The key scene for Titania is probably where she meets Bottom, and falls rapturously in love with him [III 1]. The premise of how the drug works it that it is when you see someone that you fall in love. So when she emerges from her bower, not having seen the Mankey of her dreams, she comes out in a towering temper because there has been all this racket going on before, and shouts, “What” and then sees him. So I’m having quite a lot of fun playing two different things on two different words. “What angel” actually encompasses the whole emotional spectrum – or that is the plan. We are having a great deal of fun with the scene so far, and it will be even more fun when the children are factored into it. The children appeared for the first time on Saturday, and they are beautiful. Of course children exist in their own reality, which is much more interesting and immediate than the artificial reality which we have spent weeks constructing. So my plan of action with the children is not to look at them, except for when Titania looks at them. I’ll just carry on doing what it is that I should be doing in the moment, and hope that if/when anyone looks at me I will be in the right place that I should be at that point. When it works it will be fantastic, it might not work some of the time. That is the risk you take. It is worth it for when it will work. One of them was overheard to say, “She’s scary”, and I thought, well, you ain’t seen nothing yet. If you think this is scary mate… It’s true, I am scary. For Titania, that scene is great fun, and will be even more interesting with the child in it.

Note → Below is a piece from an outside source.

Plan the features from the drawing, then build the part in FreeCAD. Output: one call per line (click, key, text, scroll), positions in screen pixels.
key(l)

The high point of the week was doing the fairy meets Mankey scene the other day. I hope it is as entertaining for the audience as it is being for us. I just enjoy that scene so much. The low point is the abyss, on the brink of which I am teetering, which is Hippolyta at the end of the play. I am picking my way along the cherrystone path, but I’m not really convinced. I have this terrible feeling – perhaps not terrible because I’ve got time to do something about it – that there is an elephant in the room, that I haven’t yet managed to address. But I’m creeping up behind it, and I will address it, by the next bulletin.

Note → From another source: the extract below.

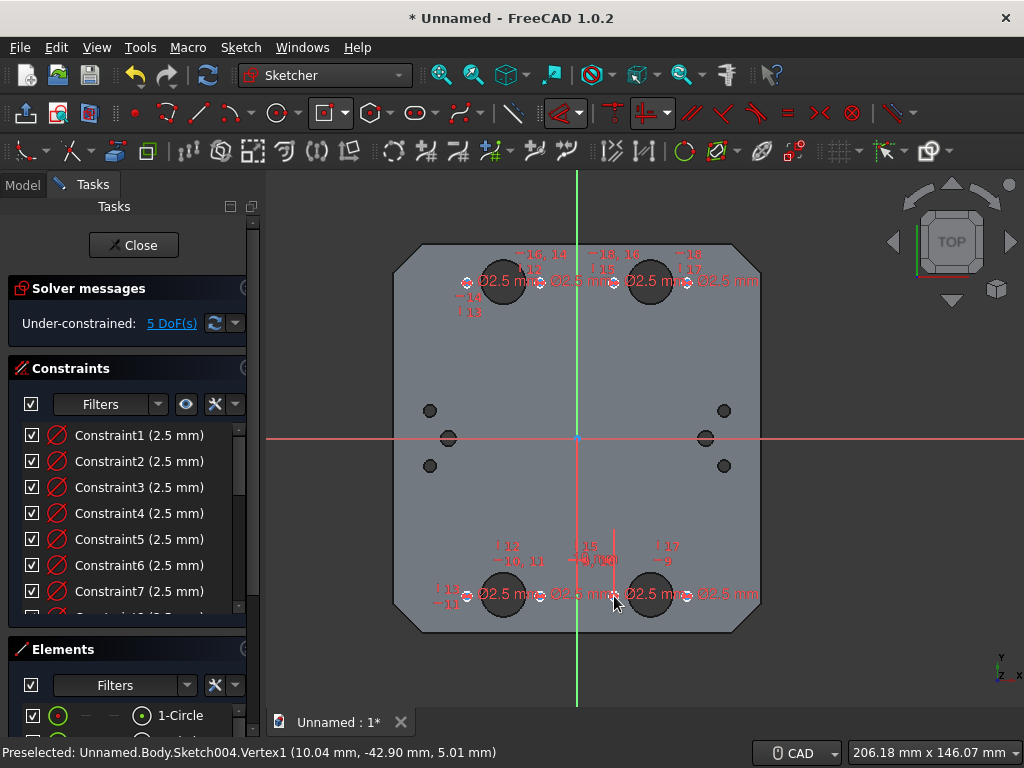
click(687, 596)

For Hippolyta the scene I feel safest talking about is the first scene, which starts in one place and rapidly deteriorates from there as it is brought to Hippolyta’s attention just what Athens is like. I am playing her as a lofty woman; she is slightly above the clouds and thinks she is the most important person on the stage. In Athens, frankly, they are barbaric, and they have this ridiculous system that a woman can be killed just because she does not want to marry the man her father wants her to marry. So it all goes pear shaped fairly quickly in that scene. For Tom and me it gets better once we have got the dance over with, so we are existing in opposition to our characters emotional arc – phew when we have got that over with.

Real life

The rehearsal period takes over your life. My house looks like it has been burgled. I would only know it had been burgled if they tidied up a bit. It looks like a bombsite. I can’t sleep properly, I sleep for about two hours at a time, and then I wake up in a raging temper because I need more sleep than I’m actually getting. Then I feel slightly undercooked all day, but at the same time it is great fun to do. I did have a bad moment yesterday when Michael Matus, who is playing Peter Quince, pointed out to me that in ten days time people, having paid, will be watching. I suddenly realised the knock on effect I’ve had of missing the first week. Which is that that I’ve felt I have a week longer than I have, which is a bit unfortunate. Earlier I wished I had more to say because it would give me more to hang on to, now I’m devoutly grateful I haven’t any more to say – I have enough to contend with trying to hang on to what I have got to do. Although the rehearsal period does take over your life, I’m willing to let that happen, because it is the most interesting thing in my life. Once the show is up and on, then I can do a salvage job on the rest of my life and my flat.

These comments are the actor's thoughts or ideas about the part as she goes through the rehearsal process – they are simply her own interpretations and frequently change as the rehearsal process progresses.